In a study in Ethiopia, giving mothers chloroquine and showing them how to use it, reduced the rate of childhood death rates from 50 per 1,000 to 30 per 1,000 compared to a control group. In the group that was given chloroquine and training, only 19% of childhood deaths were attributable to malaria, whereas in a control group 57% of childhood deaths were attributable to malaria.

The researchers warned that some communities might not be as able to help themselves, but this certainly seems like an avenue of treatment that should be greatly expanded as soon as possible. If poor women in Ethiopia can successfully administer chloroquine to their children and thereby increase their odds of surviving, many families around the world should be able to benefit from this sort of intervention.

Source:

Mothers ‘could slash malaria deaths.’ The BBC, August 10, 2000.

    Malaria is still an enormous problem in many parts of the world. The World Health Organization estimates that every year there are 300 to 500 million cases of malaria worldwide and approximately 1 million deaths attributable to malaria (the disease is second only to tuberculosis in the toll it takes on humanity). Unfortunately the two main strategies for dealing with malaria, trying to kill mosquitoes with insecticides and treat the disease with medication, are both diminishing as pesticide-resistant mosquitoes and drug-resistant malaria strains are becoming more prevalent.

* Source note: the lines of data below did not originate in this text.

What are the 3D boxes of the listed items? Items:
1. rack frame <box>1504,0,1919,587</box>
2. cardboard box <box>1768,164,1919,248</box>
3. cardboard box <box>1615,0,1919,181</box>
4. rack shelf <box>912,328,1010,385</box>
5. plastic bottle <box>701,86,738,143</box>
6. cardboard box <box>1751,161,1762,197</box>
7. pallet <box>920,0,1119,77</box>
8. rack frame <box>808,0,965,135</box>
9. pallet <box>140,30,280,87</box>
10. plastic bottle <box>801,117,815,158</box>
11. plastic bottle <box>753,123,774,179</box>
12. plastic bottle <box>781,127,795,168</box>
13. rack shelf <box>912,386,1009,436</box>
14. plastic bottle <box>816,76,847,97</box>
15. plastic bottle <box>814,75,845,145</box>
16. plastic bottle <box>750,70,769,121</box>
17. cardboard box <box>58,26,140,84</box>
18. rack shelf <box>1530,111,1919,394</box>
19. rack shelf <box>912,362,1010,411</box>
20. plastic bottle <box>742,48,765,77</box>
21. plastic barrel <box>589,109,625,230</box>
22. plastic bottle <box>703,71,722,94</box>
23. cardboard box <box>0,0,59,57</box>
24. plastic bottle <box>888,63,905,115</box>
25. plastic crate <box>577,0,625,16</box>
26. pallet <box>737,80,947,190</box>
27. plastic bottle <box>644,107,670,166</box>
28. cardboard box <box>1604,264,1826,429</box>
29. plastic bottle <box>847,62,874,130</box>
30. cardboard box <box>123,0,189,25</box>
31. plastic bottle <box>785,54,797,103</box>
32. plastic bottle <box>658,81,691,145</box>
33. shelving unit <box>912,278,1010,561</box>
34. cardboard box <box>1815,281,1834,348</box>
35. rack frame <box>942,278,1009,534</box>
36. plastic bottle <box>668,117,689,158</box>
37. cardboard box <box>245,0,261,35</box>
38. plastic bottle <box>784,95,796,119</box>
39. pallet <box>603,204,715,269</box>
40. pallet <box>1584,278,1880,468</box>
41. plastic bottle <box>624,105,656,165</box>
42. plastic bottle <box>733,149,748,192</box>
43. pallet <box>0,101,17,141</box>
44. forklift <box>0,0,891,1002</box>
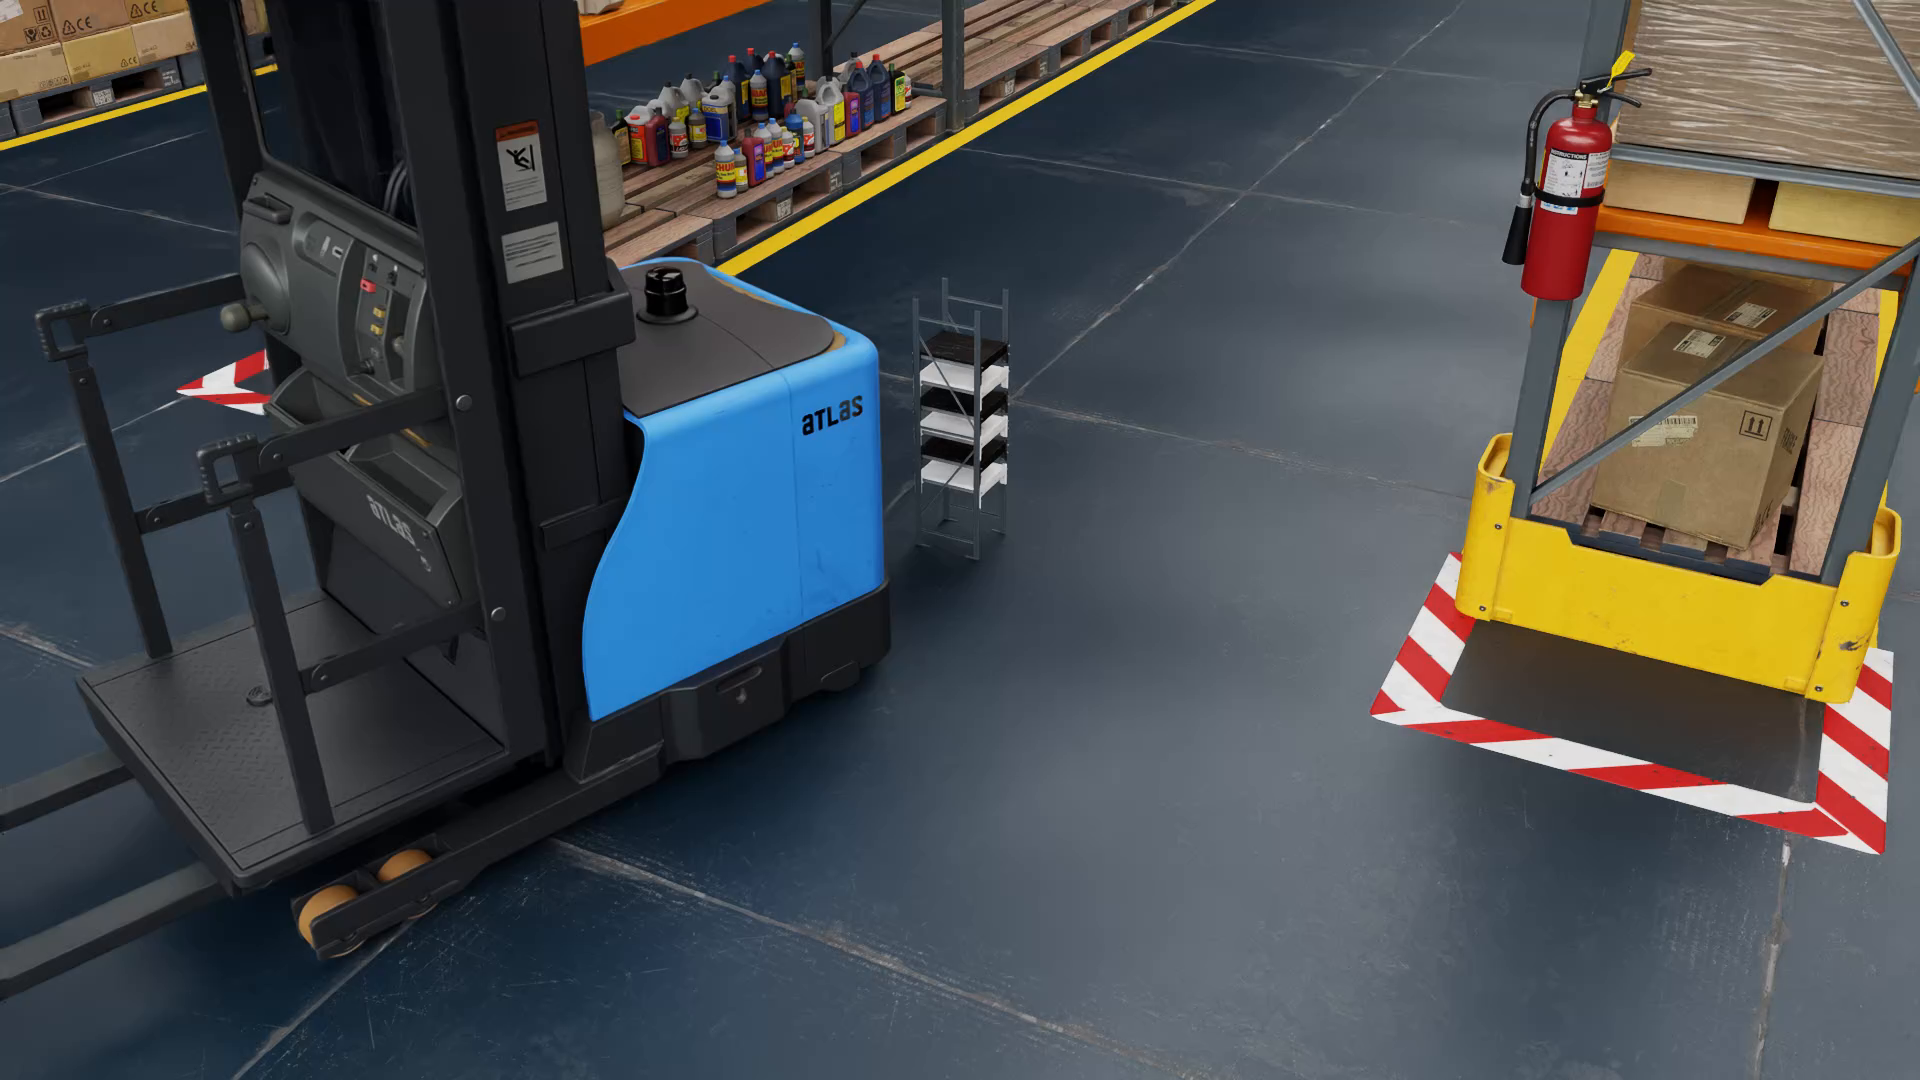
[{"bbox_3d":[2.142,-0.981,4.446,1.000,3.000,0.127,14,33,23],"label":"rack frame"},{"bbox_3d":[2.484,-0.944,4.634,0.380,0.149,0.250,14,33,23],"label":"cardboard box"},{"bbox_3d":[2.417,-1.391,4.760,0.875,0.500,0.500,14,33,23],"label":"cardboard box"},{"bbox_3d":[0.004,-0.599,5.414,0.258,0.077,0.200,14,33,23],"label":"rack shelf"},{"bbox_3d":[-1.319,-2.329,9.087,0.152,0.276,0.135,14,33,23],"label":"plastic bottle"},{"bbox_3d":[2.202,-1.156,5.002,0.380,0.149,0.250,14,33,23],"label":"cardboard box"},{"bbox_3d":[0.432,-3.568,11.751,1.003,0.211,1.213,14,33,23],"label":"pallet"},{"bbox_3d":[-0.445,-3.877,9.490,1.000,3.000,0.127,14,33,23],"label":"rack frame"},{"bbox_3d":[-5.253,-3.451,11.547,1.003,0.211,1.213,14,33,23],"label":"pallet"},{"bbox_3d":[-0.824,-2.146,8.843,0.097,0.201,0.097,0,30,0],"label":"plastic bottle"},{"bbox_3d":[-1.008,-1.997,8.513,0.097,0.271,0.097,0,30,0],"label":"plastic bottle"},{"bbox_3d":[-0.917,-2.055,8.684,0.097,0.201,0.097,0,30,0],"label":"plastic bottle"},{"bbox_3d":[0.004,-0.443,5.504,0.258,0.077,0.200,14,33,23],"label":"rack shelf"},{"bbox_3d":[-0.713,-2.474,9.339,0.152,0.276,0.135,14,33,23],"label":"plastic bottle"},{"bbox_3d":[-0.717,-2.340,9.032,0.144,0.351,0.185,14,33,23],"label":"plastic bottle"},{"bbox_3d":[-1.141,-2.530,9.441,0.097,0.271,0.097,0,30,0],"label":"plastic bottle"},{"bbox_3d":[-5.548,-3.071,10.425,0.500,0.250,0.500,14,33,23],"label":"cardboard box"},{"bbox_3d":[3.053,-1.555,6.169,1.077,0.370,4.000,14,33,23],"label":"rack shelf"},{"bbox_3d":[0.004,-0.521,5.459,0.258,0.077,0.200,14,33,23],"label":"rack shelf"},{"bbox_3d":[-1.183,-2.656,9.581,0.144,0.351,0.185,15,33,25],"label":"plastic bottle"},{"bbox_3d":[-1.808,-1.739,7.842,0.421,0.512,0.421,0,30,0],"label":"plastic barrel"},{"bbox_3d":[-1.381,-2.479,9.341,0.061,0.283,0.133,16,33,25],"label":"plastic bottle"},{"bbox_3d":[-5.791,-3.178,9.859,0.500,0.500,0.500,14,33,23],"label":"cardboard box"},{"bbox_3d":[-0.371,-2.602,9.555,0.061,0.283,0.133,16,34,26],"label":"plastic bottle"},{"bbox_3d":[-1.574,-2.314,7.032,0.298,0.136,0.250,14,33,23],"label":"plastic crate"},{"bbox_3d":[-0.789,-2.380,9.682,1.003,0.211,1.213,14,33,23],"label":"pallet"},{"bbox_3d":[-1.587,-2.112,8.702,0.061,0.283,0.133,14,33,23],"label":"plastic bottle"},{"bbox_3d":[2.683,-0.625,5.914,0.500,0.500,0.500,24,38,36],"label":"cardboard box"},{"bbox_3d":[-0.570,-2.484,9.281,0.144,0.351,0.185,13,32,21],"label":"plastic bottle"},{"bbox_3d":[-5.333,-3.621,10.630,0.500,0.500,0.500,14,33,23],"label":"cardboard box"},{"bbox_3d":[-1.009,-2.675,9.682,0.061,0.283,0.133,14,33,23],"label":"plastic bottle"},{"bbox_3d":[-1.547,-2.301,8.964,0.144,0.351,0.185,16,33,25],"label":"plastic bottle"},{"bbox_3d":[0.004,-0.394,5.532,0.258,0.900,0.210,14,33,23],"label":"shelving unit"},{"bbox_3d":[3.279,-1.135,6.803,0.500,0.500,0.500,11,32,19],"label":"cardboard box"},{"bbox_3d":[0.050,-0.439,5.611,0.240,0.900,0.006,14,33,23],"label":"rack frame"},{"bbox_3d":[-1.499,-2.142,8.836,0.097,0.201,0.097,0,30,0],"label":"plastic bottle"},{"bbox_3d":[-5.107,-3.518,11.203,0.500,0.250,0.500,14,33,23],"label":"cardboard box"},{"bbox_3d":[-0.889,-2.264,8.966,0.061,0.283,0.133,14,33,23],"label":"plastic bottle"},{"bbox_3d":[-1.900,-1.298,7.799,1.003,0.211,1.213,14,33,23],"label":"pallet"},{"bbox_3d":[3.135,-0.696,6.750,1.003,0.211,1.213,14,33,23],"label":"pallet"},{"bbox_3d":[-1.682,-2.133,8.746,0.152,0.276,0.135,15,33,24],"label":"plastic bottle"},{"bbox_3d":[-1.117,-1.860,8.346,0.097,0.201,0.097,0,30,0],"label":"plastic bottle"},{"bbox_3d":[-6.364,-2.369,9.663,1.003,0.211,1.213,14,33,23],"label":"pallet"},{"bbox_3d":[-1.631,-0.562,3.786,3.031,2.935,1.130,-25,38,-36],"label":"forklift"}]
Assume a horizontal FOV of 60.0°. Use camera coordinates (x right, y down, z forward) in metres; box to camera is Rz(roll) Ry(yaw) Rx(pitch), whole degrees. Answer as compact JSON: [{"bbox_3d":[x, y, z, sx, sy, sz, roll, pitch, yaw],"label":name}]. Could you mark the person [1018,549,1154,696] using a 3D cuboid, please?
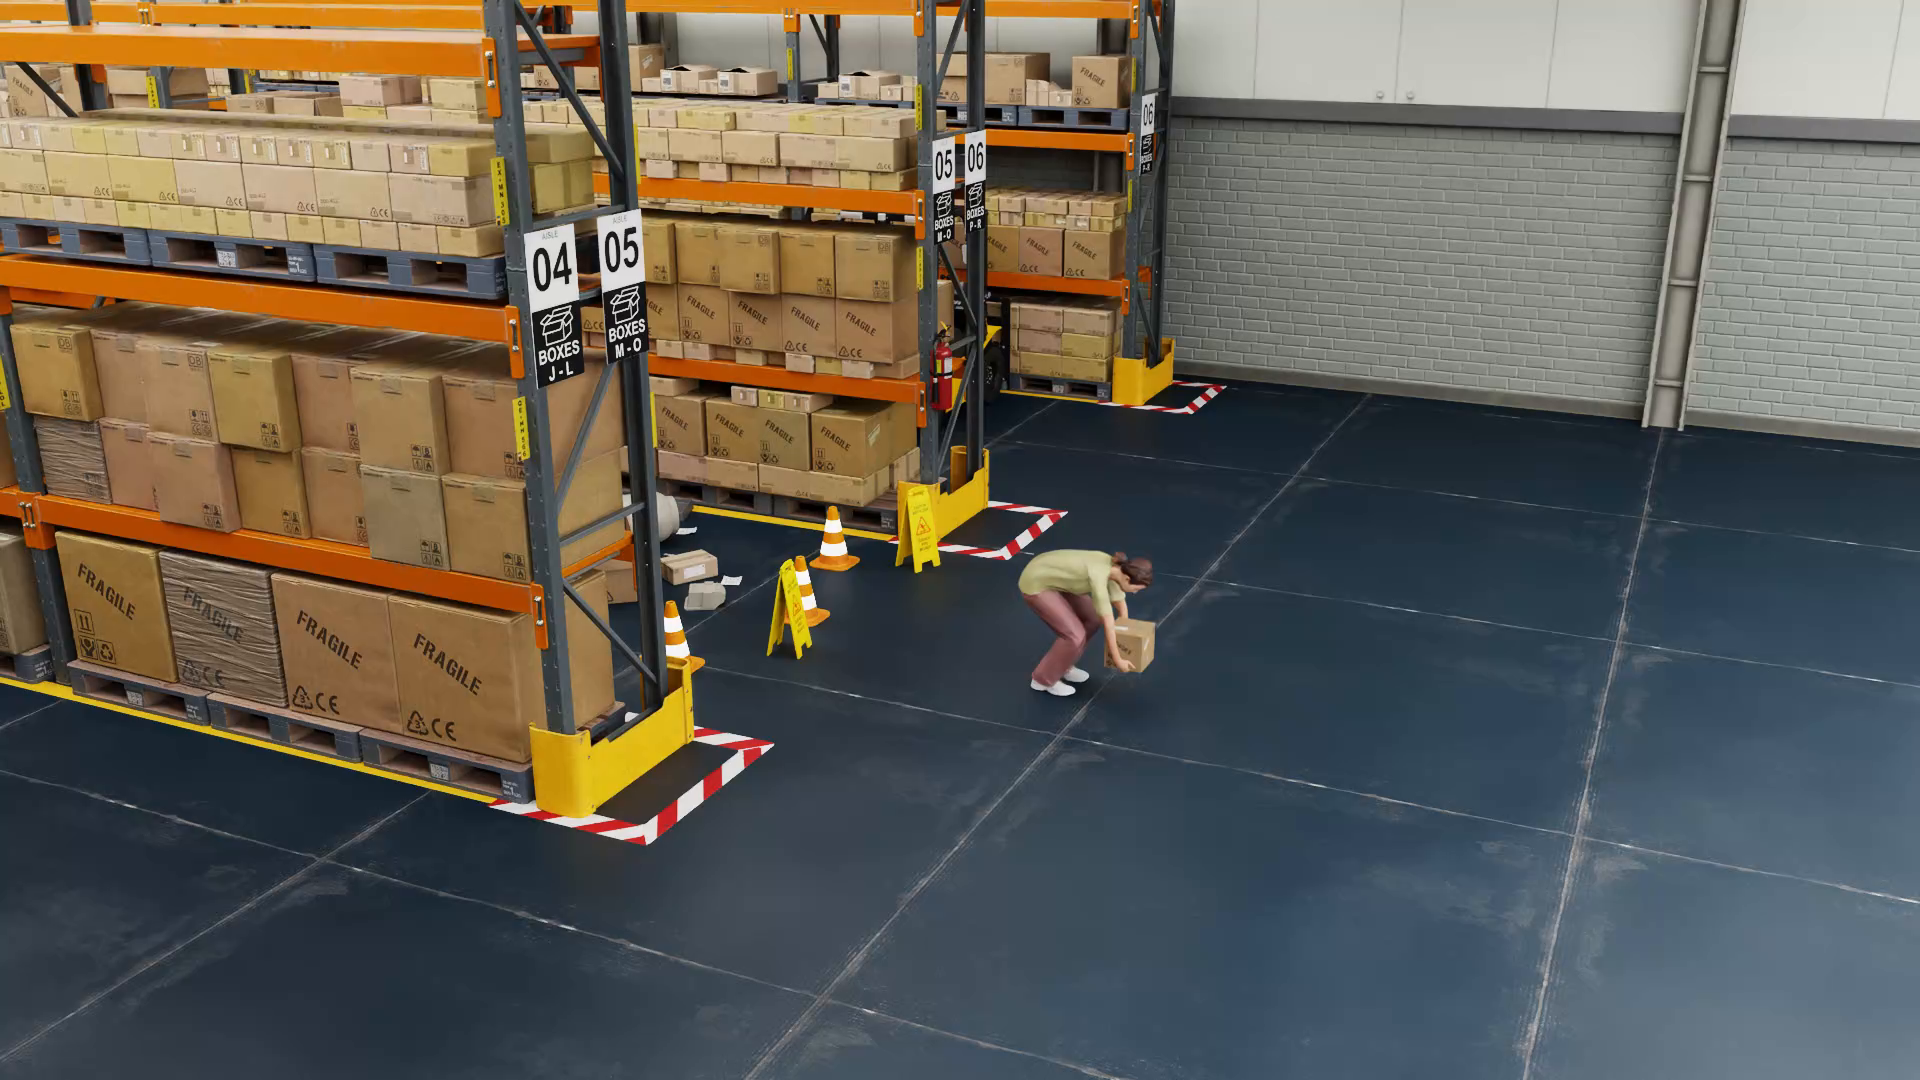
[{"bbox_3d":[0.807,0.505,10.663,0.868,0.987,0.472,7,20,20],"label":"person"}]
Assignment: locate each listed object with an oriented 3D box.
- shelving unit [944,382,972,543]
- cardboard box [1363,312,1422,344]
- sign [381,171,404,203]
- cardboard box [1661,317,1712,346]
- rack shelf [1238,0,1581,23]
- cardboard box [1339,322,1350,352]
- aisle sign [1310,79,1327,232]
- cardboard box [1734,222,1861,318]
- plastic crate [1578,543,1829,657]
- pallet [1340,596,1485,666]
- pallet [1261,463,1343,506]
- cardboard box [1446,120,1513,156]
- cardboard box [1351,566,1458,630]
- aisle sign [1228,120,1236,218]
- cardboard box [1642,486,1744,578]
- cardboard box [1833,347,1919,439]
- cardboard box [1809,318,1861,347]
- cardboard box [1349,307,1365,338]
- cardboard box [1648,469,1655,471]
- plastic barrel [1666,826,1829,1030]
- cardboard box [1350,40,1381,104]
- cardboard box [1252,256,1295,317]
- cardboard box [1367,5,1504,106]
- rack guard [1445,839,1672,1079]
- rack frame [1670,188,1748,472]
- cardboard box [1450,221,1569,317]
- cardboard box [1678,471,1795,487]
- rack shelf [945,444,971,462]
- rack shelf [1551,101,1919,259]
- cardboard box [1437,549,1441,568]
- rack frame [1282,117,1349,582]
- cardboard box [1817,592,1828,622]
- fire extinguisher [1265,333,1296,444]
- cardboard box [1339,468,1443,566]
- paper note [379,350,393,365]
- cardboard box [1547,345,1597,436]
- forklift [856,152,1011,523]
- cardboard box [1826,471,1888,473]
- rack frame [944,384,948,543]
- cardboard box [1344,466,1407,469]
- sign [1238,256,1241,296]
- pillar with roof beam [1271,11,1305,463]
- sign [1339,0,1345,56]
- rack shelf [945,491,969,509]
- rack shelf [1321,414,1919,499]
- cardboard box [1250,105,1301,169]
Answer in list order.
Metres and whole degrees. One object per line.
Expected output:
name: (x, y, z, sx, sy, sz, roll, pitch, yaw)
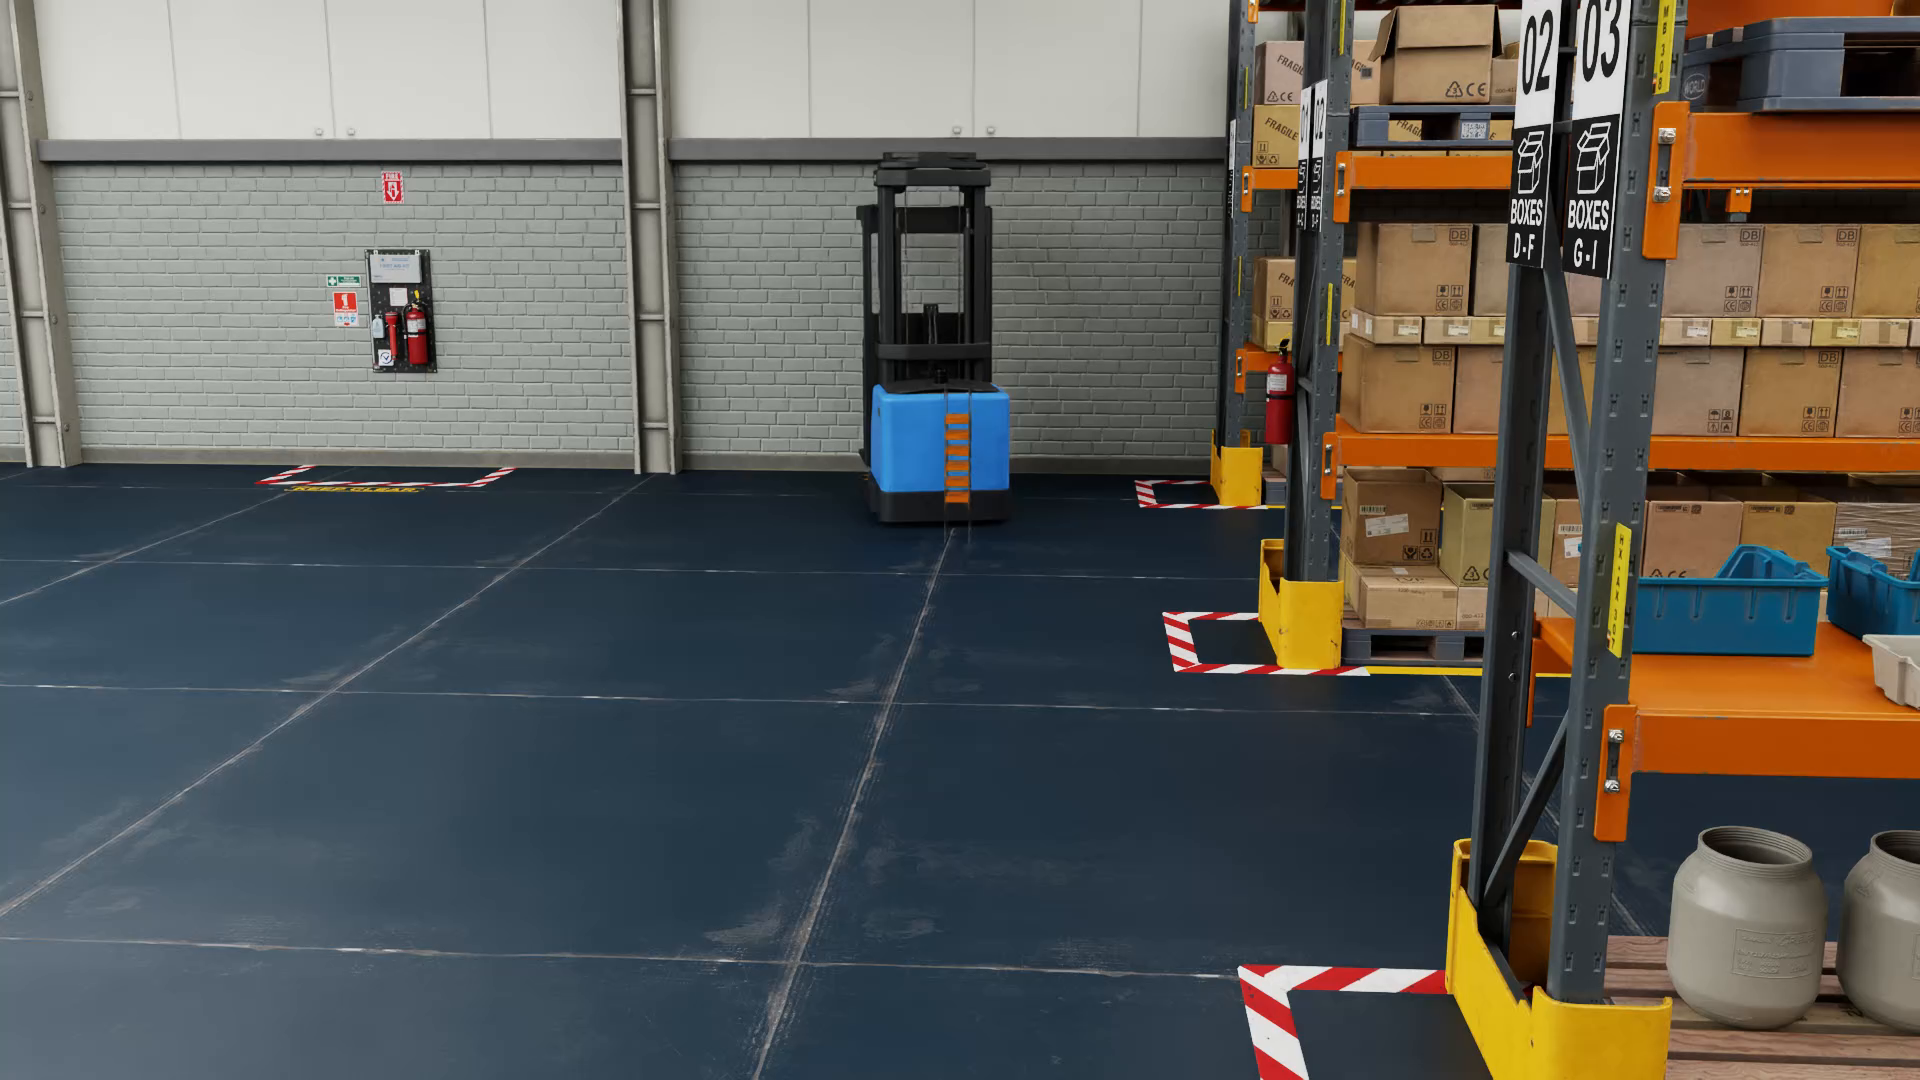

    Several scientists around the world are working on a more exotic approach — a strain of mosquito that is genetically modified to destroy the malaria plasmodium. Malaria has a complex series of vectors, and gets passed to human beings after the mosquito first picks up the disease by taking blood from another infected animal.

    Research into genetically modified mosquito strains has concentrated on adding genes that cause mosquitoes to have immune system reactions to the malaria bacteria so that the mosquitoes’ own natural defense mechanisms destroy the disease before the mosquito can pass it on to human beings. Working with the yellow-fever mosquito, researchers from MIchigan State University spliced a gene into insects that produced an antibody called defensin which was coded to go into action when the mosquito ingested blood. The genetically modified mosquitos had high levels of defensin in their blood stream for several weeks after feeding.

    But the obstacles to be overcome are still daunting. Before it was possible to genetically modify insects, researchers had long been trying to use traditional breeding methods to produce malaria-resistant mosquitoes. The problem they ran into was that the malaria-resistant mosquitoes were always less robust than the natural mosquitoes, meaning releasing even large numbers of them would be pointless since they would be quickly selected out of the breeding population.

    Dr. Jo Lines, a researcher in tropical medicine, outlined the problem for the BBC, saying “you would end up with insects that are highly inbred and devoid of genetic variability — the modified train of Aedes aegypti (yellow-fever mosquito) would come from a single egg, and that is bound to affect its competitiveness.”

    Not to mention the problems of how researchers would breed the hundreds of millions of mosquitoes needed to even have a shot at displacing traditional mosquitoes. Still, such research is certain to advance our understanding of both mosquitoes and malaria, even if it doesn’t lead to realistic near-term solutions.

Sources:

Further progress in war on malaria. The BBC, July 24, 2000.

Mosquito attacks its own problem. Jonathan Amos, The BBC, July 25, 2000.